Houston - Homegrown Tools

Houston, MN

Updated: 2022

The Houston public school system capitalizes on an opportunity to partner with a private sector entity to develop an online learning curriculum.

Population2020 984
Median Household Income2020$43,958
Poverty Rate 202019.8%
Proximity to Urban Center 138 miles to St. Paul, Minn.
Proximity to Interstate Highway 16 miles
Case Study Time Frame 2002-2006
Data Source: US Census, American Community Survey
View Complete Case StudyUpdated: Houston, 2022

In Houston, the county seat of Houston County, almost every household – even in the most remote rural parts of the county – has a computer with a high-speed Internet connection. “I live at the end of a 1.5-mile long driveway in rural Minnesota, and I have a high-speed Internet connection to communicate with folks in town,” said Kevin Kelleher, a former Houston County commissioner. Widespread use of broadband technology in Houston came about somewhat indirectly, through an effort to address declining enrollment in local public schools. By 2004 Houston had launched one of the largest online learning curricula in the state and, in the process, had brought computers and the Internet to homes throughout the community. The result of Houston’s strategy is a fully wired community and a technologically proficient workforce, which are prominent assets for this small town’s economic development prospects.

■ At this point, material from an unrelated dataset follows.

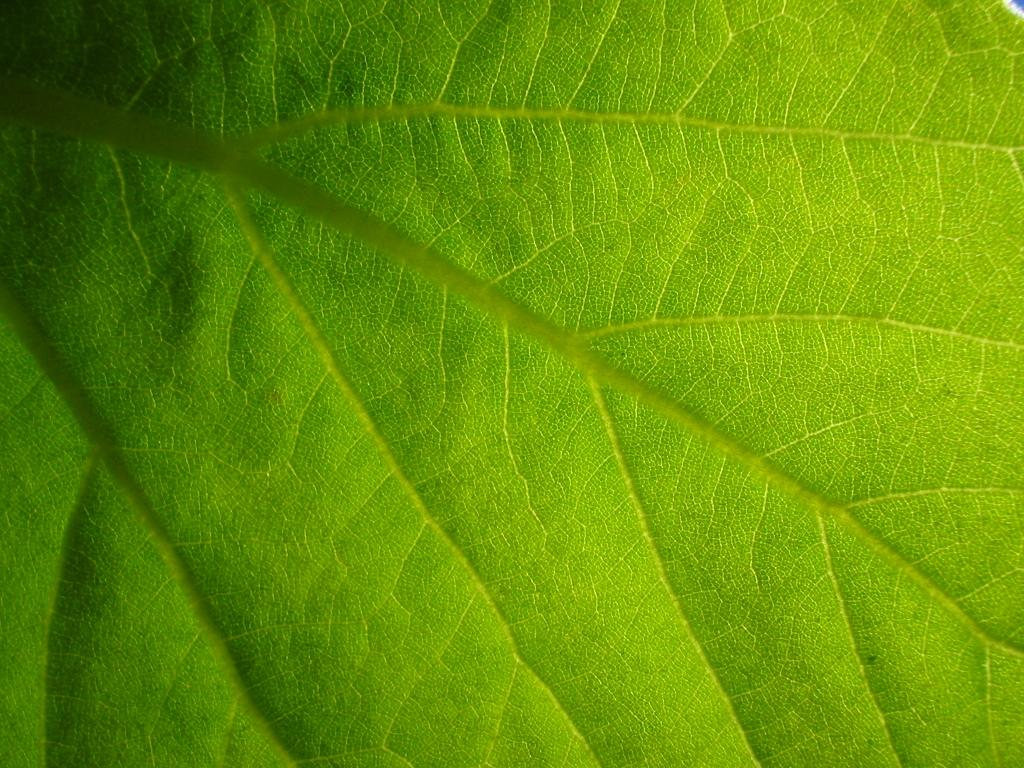What is present in the image? There is a leaf in the image. Can you describe the appearance of the leaf? The leaf is green in color. What time does the girl's aunt arrive in the image? There is no girl or aunt present in the image; it only features a leaf.

What are the lessons learned from this story?


Look for creative ways to glean public goods from public-private partnerships. The opportunity for Houston to become a wired community came indirectly – from the needs of public school students and the initiative and innovation of the district’s superintendent. The initiative to link rural residents to the school system also motivated other partners (the Mayo Clinic and the local telephone cooperative) to bring their resources to benefit the public good. Civic leaders should look for creative opportunities to leverage private market investments for public benefit.

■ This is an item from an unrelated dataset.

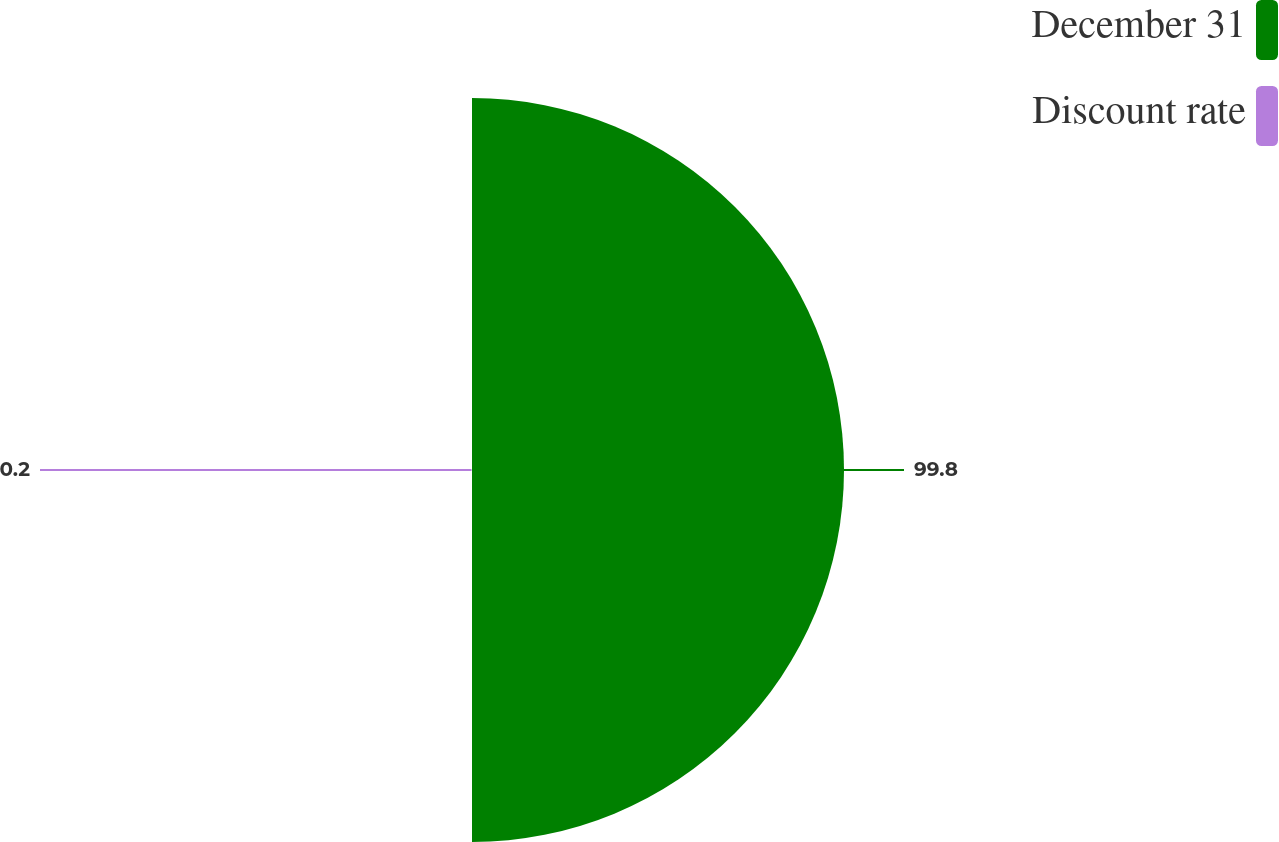Convert chart. <chart><loc_0><loc_0><loc_500><loc_500><pie_chart><fcel>December 31<fcel>Discount rate<nl><fcel>99.8%<fcel>0.2%<nl></chart>

Visionary leadership is critical to a town’s success. Houston’s Superintendent Kim Ross is a visionary local leader. “The question we were asking as a school is how can we move into the future and be relevant in education?” Ross said. Looking forward and seeing the potential growth in online learning, Houston was willing to risk charting a new course in education. As a result the city school district has enhanced the quality of the education it offers and increased the funds the town can spend on its students. Town leaders should not hesitate to explore technological advances and determine ways their towns could use technological progress for the public’s benefit.